Only the lines that hold "draft" should be in the answer, each copied from the data below.

(Extracted data entries)
● ● ● ● ● ● ●

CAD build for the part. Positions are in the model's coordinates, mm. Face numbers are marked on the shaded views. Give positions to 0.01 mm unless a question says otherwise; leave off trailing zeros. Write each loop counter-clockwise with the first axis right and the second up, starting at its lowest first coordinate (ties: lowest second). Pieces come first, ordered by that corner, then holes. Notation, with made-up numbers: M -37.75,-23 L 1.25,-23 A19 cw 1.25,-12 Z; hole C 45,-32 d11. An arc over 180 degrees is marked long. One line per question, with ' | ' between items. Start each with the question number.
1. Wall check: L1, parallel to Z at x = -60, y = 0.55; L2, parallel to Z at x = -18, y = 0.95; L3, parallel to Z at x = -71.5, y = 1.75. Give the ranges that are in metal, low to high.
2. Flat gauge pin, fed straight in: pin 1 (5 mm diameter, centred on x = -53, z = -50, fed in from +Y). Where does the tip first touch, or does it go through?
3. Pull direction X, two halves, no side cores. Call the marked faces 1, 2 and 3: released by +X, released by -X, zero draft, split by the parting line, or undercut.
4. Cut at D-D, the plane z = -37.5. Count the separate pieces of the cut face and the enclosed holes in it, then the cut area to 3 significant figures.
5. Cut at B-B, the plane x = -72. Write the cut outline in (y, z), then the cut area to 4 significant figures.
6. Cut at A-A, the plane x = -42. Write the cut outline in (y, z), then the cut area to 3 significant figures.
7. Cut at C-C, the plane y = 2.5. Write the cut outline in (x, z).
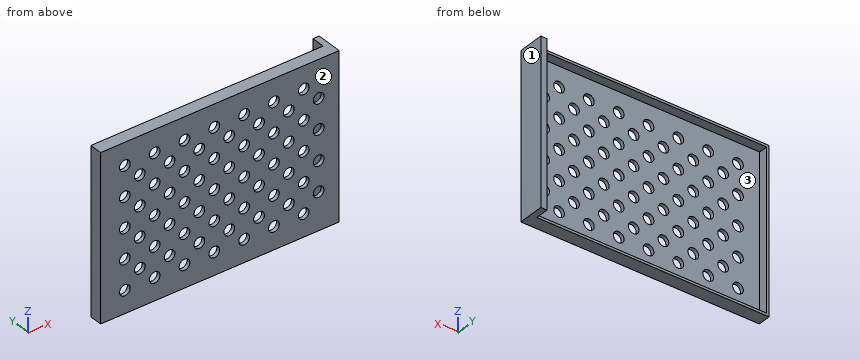
Autodesk Inventor part; units mm, degrees
ref_plane "YZ Plane" through (0, 0, 0) normal (1, 0, 0) x (0, 1, 0)
ref_plane "XZ Plane" through (0, 0, 0) normal (0, 1, 0) x (-1, 0, 0)
ref_plane "XY Plane" through (0, 0, 0) normal (0, 0, 1) x (1, 0, 0)
sketch "Sketch1" plane through (0, 0, 0) normal (0, 1, 0) x (-1, 0, 0)
  line L0 (0, 0) -> (91.5, 0)
  line L1 (91.5, 0) -> (91.5, -63)
  line L2 (91.5, -63) -> (0, -63)
  circle A0 centre (84, -7.5) radius 2.15
  circle A1 centre (84, -19.5) radius 2.15
  circle A2 centre (84, -31.5) radius 2.15
  circle A3 centre (84, -55.5) radius 2.15
  circle A4 centre (84, -43.5) radius 2.15
  circle A5 centre (78, -13.5) radius 2.15
  circle A6 centre (78, -25.5) radius 2.15
  circle A7 centre (78, -37.5) radius 2.15
  circle A8 centre (78, -49.5) radius 2.15
  circle A9 centre (66, -13.5) radius 2.15
  circle A10 centre (66, -25.5) radius 2.15
  circle A11 centre (66, -37.5) radius 2.15
  circle A12 centre (66, -49.5) radius 2.15
  circle A13 centre (72, -31.5) radius 2.15
  circle A14 centre (72, -19.5) radius 2.15
  circle A15 centre (72, -7.5) radius 2.15
  circle A16 centre (72, -55.5) radius 2.15
  circle A17 centre (72, -43.5) radius 2.15
  line L3 (66, -55.5) -> (63, -55.5)
  line L4 (63, -55.5) -> (63, -45.305)
  circle A18 centre (42, -13.5) radius 2.15
  circle A19 centre (42, -25.5) radius 2.15
  circle A20 centre (42, -37.5) radius 2.15
  circle A21 centre (42, -49.5) radius 2.15
  circle A22 centre (48, -31.5) radius 2.15
  circle A23 centre (48, -19.5) radius 2.15
  circle A24 centre (48, -7.5) radius 2.15
  circle A25 centre (48, -55.5) radius 2.15
  circle A26 centre (48, -43.5) radius 2.15
  circle A27 centre (54, -37.5) radius 2.15
  circle A28 centre (60, -31.5) radius 2.15
  circle A29 centre (54, -25.5) radius 2.15
  circle A30 centre (60, -19.5) radius 2.15
  circle A31 centre (54, -13.5) radius 2.15
  circle A32 centre (60, -7.5) radius 2.15
  circle A33 centre (60, -43.5) radius 2.15
  circle A34 centre (54, -49.5) radius 2.15
  circle A35 centre (60, -55.5) radius 2.15
  line L5 (42, -55.5) -> (39, -55.5)
  line L6 (39, -55.5) -> (39, -51.65)
  circle A36 centre (6, -37.5) radius 2.15
  circle A37 centre (12, -31.5) radius 2.15
  circle A38 centre (6, -25.5) radius 2.15
  circle A39 centre (12, -19.5) radius 2.15
  circle A40 centre (6, -13.5) radius 2.15
  circle A41 centre (12, -7.5) radius 2.15
  circle A42 centre (12, -43.5) radius 2.15
  circle A43 centre (6, -49.5) radius 2.15
  circle A44 centre (12, -55.5) radius 2.15
  line L7 (12, -55.5) -> (15, -55.5)
  line L8 (15, -55.5) -> (15, -45.305)
  circle A45 centre (36, -43.5) radius 2.15
  circle A46 centre (30, -49.5) radius 2.15
  circle A47 centre (24, -55.5) radius 2.15
  circle A48 centre (24, -43.5) radius 2.15
  circle A49 centre (36, -55.5) radius 2.15
  circle A50 centre (36, -7.5) radius 2.15
  circle A51 centre (30, -25.5) radius 2.15
  circle A52 centre (30, -13.5) radius 2.15
  circle A53 centre (18, -25.5) radius 2.15
  circle A54 centre (24, -19.5) radius 2.15
  circle A55 centre (18, -13.5) radius 2.15
  circle A56 centre (24, -7.5) radius 2.15
  circle A57 centre (36, -19.5) radius 2.15
  circle A58 centre (36, -31.5) radius 2.15
  circle A59 centre (30, -37.5) radius 2.15
  circle A60 centre (24, -31.5) radius 2.15
  circle A61 centre (18, -49.5) radius 2.15
  circle A62 centre (18, -37.5) radius 2.15
  line L9 (36, -55.5) -> (39, -55.5)
  line L10 (0, 0) -> (0, -63)
  dimension "d0" = 91.5
  dimension "d1" = 63
  dimension "d2" = 4.3
  dimension "d3" = 7.5
  dimension "d4" = 7.5
  dimension "d11" = 4.3
  dimension "d17" = 3
  dimension "d18" = 3
extrude "Extrusion1" add sketch "Sketch1" along normal blind 1.5
sketch "Sketch2" plane through (0, 1.5, 0) normal (0, 1, 0) x (1, 0, 0)
  line L0 (3, 0) -> (3, -3)
  line L1 (3, -3) -> (-94.5, -3)
  line L2 (-94.5, -3) -> (-94.5, 66)
  line L3 (-94.5, 66) -> (3, 66)
  line L4 (3, 66) -> (3, 0)
  line L5 (-91.5, 63) -> (-91.5, 0)
  line L6 (0, 63) -> (-91.5, 63)
  line L7 (-91.5, 0) -> (0, 0)
  line L8 (0, 0) -> (0, 63)
  line L9 (0, 63) -> (-91.5, 63)
  line L10 (-91.5, 63) -> (-91.5, 0)
  dimension "d30" = 97.5
  dimension "d31" = 69
  dimension "d32" = 97.5
extrude "Extrusion2" add sketch "Sketch2" along normal blind 3.612 and the other way blind 1.5
sketch "Sketch5" plane through (0, 1.5, 0) normal (0, 1, 0) x (1, 0, 0)
  point P0 (0, 0)
sketch "Sketch6" plane through (0, 5.112, 0) normal (0, 1, 0) x (1, 0, 0)
  line L0 (0, 0) -> (0, 63)
  line L1 (3, 66) -> (3, -3)
  line L2 (0, 0) -> (3, 0)
  line L3 (3, 0) -> (3, 63)
  line L4 (3, 63) -> (0, 63)
  line L5 (0, 63) -> (0, 0)
extrude "Extrusion3" add sketch "Sketch6" along normal blind 5.388
sketch "Sketch7" plane through (-91.5, 1.5, -63) normal (0, 0, 1) x (1, 0, 0)
  point P0 (91.5, -1.5)
sketch "Sketch8" plane through (-91.5, 1.5, -63) normal (0, 0, 1) x (1, 0, 0)
  line L0 (91.5, 0) -> (0, 0)
  line L1 (0, 3.612) -> (91.5, 3.612)
  line L2 (0, 0) -> (91.5, 0)
  line L3 (91.5, 0) -> (91.5, 3.612)
  line L4 (91.5, 3.612) -> (0, 3.612)
  line L5 (0, 3.612) -> (0, 0)
  point P0 (91.5, -1.5)
extrude "Extrusion4" cut sketch "Sketch8" against normal blind 0.5
sketch "Sketch9" plane through (0, 1.5, 0) normal (0, 0, -1) x (-1, 0, 0)
  line L0 (0, 3.612) -> (91.5, 3.612)
  line L1 (91.5, 0) -> (0, 0)
  line L2 (91.5, 3.612) -> (0, 3.612)
  line L3 (0, 3.612) -> (0, 0)
  line L4 (0, 0) -> (91.5, 0)
  line L5 (91.5, 0) -> (91.5, 3.612)
  point P0 (0, -1.5)
extrude "Extrusion5" cut sketch "Sketch9" against normal blind 0.5
sketch "Sketch10" plane through (-91.5, 1.5, -63.5) normal (1, 0, 0) x (0, 0, -1)
  line L0 (0, 0) -> (0, 3.612)
  line L1 (0, 0) -> (-64, 0)
  line L2 (0, 3.612) -> (-64, 3.612)
  line L3 (-64, 3.612) -> (-64, 0)
  line L4 (-64, 0) -> (0, 0)
  line L5 (0, 0) -> (0, 3.612)
  point P0 (-63.5, -1.5)
extrude "Extrusion6" cut sketch "Sketch10" against normal blind 0.5
sketch "Sketch11" plane through (3, 5.112, -63) normal (0, 0, -1) x (-1, 0, 0)
  line L0 (0, 5.388) -> (3, 5.388)
  line L1 (0, 0) -> (0, 5.388)
  line L2 (3, 5.388) -> (0, 5.388)
  line L3 (0, 5.388) -> (0, 0)
  line L4 (0, 0) -> (3, 0)
  line L5 (3, 0) -> (3, 5.388)
  point P0 (3, -5.112)
extrude "Extrusion7" add sketch "Sketch11" along normal blind 3
sketch "Sketch12" plane through (0, 5.112, 0) normal (0, 0, 1) x (1, 0, 0)
  line L0 (0, 5.388) -> (3, 5.388)
  line L1 (-94.5, 0) -> (3, 0)
  line L2 (0, 5.388) -> (3, 5.388)
  line L3 (3, 5.388) -> (3, 0)
  line L4 (3, 0) -> (0, 0)
  line L5 (0, 0) -> (0, 5.388)
  point P0 (0, -5.112)
extrude "Extrusion8" add sketch "Sketch12" along normal blind 3
sketch "Sketch13" plane through (0, 0, 0) normal (0, -1, 0) x (1, 0, 0)
  line L0 (-94.5, 3) -> (0, 3)
  line L1 (-94.5, 3) -> (-93.75, 3)
  line L2 (-93.75, 1.5) -> (2.25, 1.5)
  line L3 (2.25, 1.5) -> (2.25, -64.5)
  line L4 (2.25, -64.5) -> (-93.75, -64.5)
  line L5 (-93.75, -64.5) -> (-93.75, 1.5)
  line L6 (3, -66) -> (3, 3)
  line L7 (-94.5, 3) -> (3, 3)
  line L8 (3, 3) -> (3, -66)
  line L9 (3, -66) -> (-94.5, -66)
  line L10 (-94.5, -66) -> (-94.5, 3)
  point P0 (0, 0)
  dimension "d45" = 0.75
  dimension "d46" = 1.5
  dimension "d47" = 96
  dimension "d48" = 66
extrude "Extrusion9" cut sketch "Sketch13" against normal through all
sketch "Sketch14" plane through (-93.75, 0, -64.5) normal (-1, 0, 0) x (0, 0, 1)
  line L0 (0, 5.112) -> (66, 5.112)
  line L1 (0, 0) -> (0, 5.112)
  line L2 (66, 5.112) -> (0, 5.112)
  line L3 (0, 5.112) -> (0, 1.5)
  line L4 (0, 1.5) -> (66, 1.5)
  line L5 (66, 1.5) -> (66, 5.112)
  point P0 (64.5, 0)
extrude "Extrusion10" cut sketch "Sketch14" against normal through all
sketch "Sketch15" plane through (0, 10.5, 1.5) normal (0, 0, 1) x (1, 0, 0)
  line L0 (2.25, -5.388) -> (2.25, 0)
  line L1 (0, -5.388) -> (0, 0)
  line L2 (2.25, -5.388) -> (0, -5.388)
  line L3 (0, -5.388) -> (0, 0)
  line L4 (0, 0) -> (2.25, 0)
  line L5 (2.25, 0) -> (2.25, -5.388)
  point P0 (0, -10.5)
extrude "Extrusion11" cut sketch "Sketch15" against normal through all
sketch "Sketch16" plane through (0, 1.5, 0) normal (0, 1, 0) x (1, 0, 0)
  line L0 (2.25, 64.5) -> (2.25, -1.5)
  line L1 (2.25, -1.5) -> (-0.75, -1.5)
  line L2 (-0.75, -1.5) -> (-0.75, 3.5)
  line L3 (-0.75, 3.5) -> (2.25, 3.5)
  line L4 (2.25, 3.5) -> (2.25, -1.5)
  line L5 (2.25, 64.5) -> (-0.75, 64.5)
  line L6 (-0.75, 64.5) -> (-0.75, 59.5)
  line L7 (-0.75, 59.5) -> (2.25, 59.5)
  line L8 (2.25, 59.5) -> (2.25, 64.5)
  line L9 (2.25, 3.5) -> (-0.75, 3.5)
  line L10 (-0.75, 3.5) -> (-0.75, 59.5)
  line L11 (-0.75, 59.5) -> (2.25, 59.5)
  line L12 (2.25, 59.5) -> (2.25, 3.5)
  point P0 (0, 0)
  dimension "d55" = 3
  dimension "d56" = 5
  dimension "d57" = 3
  dimension "d58" = 5
extrude "Extrusion12" add sketch "Sketch16" along normal blind 9
sketch "Sketch17" plane through (0, 1.5, 0) normal (0, 1, 0) x (1, 0, 0)
  line L0 (-0.75, -1.5) -> (-93.75, -1.5)
  line L1 (-0.75, -1.5) -> (-0.75, 0)
  line L2 (-0.75, -1.5) -> (-0.75, 64.5)
  line L3 (-93.75, -1.5) -> (-93.75, 64.5)
  line L4 (-93.75, -1.5) -> (-93.75, 64.5)
  line L5 (-93.75, 64.5) -> (-0.75, 64.5)
  line L6 (-93.75, 64.5) -> (-0.75, 64.5)
  line L7 (-0.75, 64.5) -> (-0.75, 63)
  line L8 (-92.25, 63) -> (-0.75, 63)
  line L9 (-0.75, 0) -> (-92.25, 0)
  line L10 (-92.25, 0) -> (-92.25, 63)
  point P0 (0, 0)
  dimension "d61" = 1.5
extrude "Extrusion13" add sketch "Sketch17" along normal blind 3.65 contours L0 L3 L5 L2 L8 L10 L9 L1
sketch "Sketch18" plane through (-0.75, 1.5, 0) normal (0, 0, -1) x (-1, 0, 0)
  line L0 (91.5, 0) -> (91.5, 3.65)
  line L1 (0, 0) -> (0, 3.65)
  line L2 (91.5, 3.65) -> (0, 3.65)
  line L3 (0, 3.65) -> (0, 0)
  line L4 (0, 0) -> (91.5, 0)
  line L5 (91.5, 0) -> (91.5, 3.65)
  point P0 (-0.75, -1.5)
extrude "Extrusion14" cut sketch "Sketch18" against normal blind 0.5
sketch "Sketch19" plane through (-92.25, 1.5, -63) normal (0, 0, 1) x (1, 0, 0)
  line L0 (91.5, 0) -> (0, 0)
  line L1 (0, 0) -> (0, 3.65)
  line L2 (91.5, 0) -> (0, 0)
  line L3 (0, 0) -> (0, 3.65)
  line L4 (0, 3.65) -> (91.5, 3.65)
  line L5 (91.5, 3.65) -> (91.5, 0)
  point P0 (92.25, -1.5)
extrude "Extrusion15" cut sketch "Sketch19" against normal blind 0.5
sketch "Sketch20" plane through (-92.25, 1.5, 0.5) normal (1, 0, 0) x (0, 0, -1)
  line L0 (64, 0) -> (64, 3.65)
  line L1 (64, 0) -> (0, 0)
  line L2 (0, 0) -> (0, 3.65)
  line L3 (0, 3.65) -> (64, 3.65)
  line L4 (64, 3.65) -> (64, 0)
  point P0 (0.5, -1.5)
extrude "Extrusion16" cut sketch "Sketch20" against normal blind 0.5
sketch "Sketch21" plane through (-0.75, 10.5, -64.5) normal (-1, 0, 0) x (0, 0, 1)
  line L0 (1, -5.35) -> (1, -9)
  line L1 (1, -9) -> (1, -5.35)
  line L2 (0, -5.35) -> (1, -5.35)
  line L3 (1, -5.35) -> (0, -5.35)
  line L4 (0, -5.35) -> (0, 0)
  line L5 (66, -5.35) -> (66, 0)
  line L6 (0, 0) -> (66, 0)
  line L7 (65, -5.35) -> (66, -5.35)
  line L8 (66, -5.4693) -> (65, -5.35)
  line L9 (65, -9) -> (65, -5.35)
  line L10 (65, -5.35) -> (65, -9)
  line L11 (65, -5.35) -> (66, -5.35)
  line L12 (66, -5.35) -> (66, 0)
  line L13 (65, -9) -> (1, -9)
  line L14 (65, -9) -> (1, -9)
  line L15 (1, -9) -> (1, -5.35)
  line L16 (1, -5.35) -> (0, -5.35)
  point P0 (64.5, -10.5)
extrude "Extrusion17" cut sketch "Sketch21" against normal blind 0.5
properties part number "RaspPiCaseTop"
Here are the results:
1) L1: -64.5 to -57.65, -53.35 to -45.65, -41.35 to -33.65, -29.35 to -21.65, -17.35 to -9.65, -5.35 to 1.5 | L2: -64.5 to -51.65, -47.35 to -39.65, -35.35 to -27.65, -23.35 to -15.65, -11.35 to 1.5 | L3: -64.5 to -63.5, 0.5 to 1.5
2) pin 1: y = 1.5
3) face 1: released by +X | face 2: zero draft | face 3: undercut
4) separate pieces: 8 | enclosed holes: 0 | area: 125 mm^2
5) outline: M 0,-64.5 L 5.15,-64.5 L 5.15,-63.5 L 1.5,-63.5 L 1.5,-57.65 L 0,-57.65 Z; M 0,-53.35 L 1.5,-53.35 L 1.5,-45.65 L 0,-45.65 Z; M 0,-41.35 L 1.5,-41.35 L 1.5,-33.65 L 0,-33.65 Z; M 0,-29.35 L 1.5,-29.35 L 1.5,-21.65 L 0,-21.65 Z; M 0,-17.35 L 1.5,-17.35 L 1.5,-9.65 L 0,-9.65 Z; M 0,-5.35 L 1.5,-5.35 L 1.5,0.5 L 5.15,0.5 L 5.15,1.5 L 0,1.5 Z | area: 74.05 mm^2
6) outline: M 0,-64.5 L 5.15,-64.5 L 5.15,-63.5 L 1.5,-63.5 L 1.5,-51.65 L 0,-51.65 Z; M 0,-47.35 L 1.5,-47.35 L 1.5,-39.65 L 0,-39.65 Z; M 0,-35.35 L 1.5,-35.35 L 1.5,-27.65 L 0,-27.65 Z; M 0,-23.35 L 1.5,-23.35 L 1.5,-15.65 L 0,-15.65 Z; M 0,-11.35 L 1.5,-11.35 L 1.5,0.5 L 5.15,0.5 L 5.15,1.5 L 0,1.5 Z | area: 80.5 mm^2
7) outline: M -93.75,-64.5 L 2.25,-64.5 L 2.25,1.5 L -93.75,1.5 Z; hole M -92.75,-63.5 L -0.25,-63.5 L -0.25,0.5 L -92.75,0.5 Z

● ● ● ● ● ● ●

:: Solution to this problem ::
3. Pull direction X, two halves, no side cores. Call the marked faces 1, 2 and 3: released by +X, released by -X, zero draft, split by the parting line, or undercut.
3) face 1: released by +X | face 2: zero draft | face 3: undercut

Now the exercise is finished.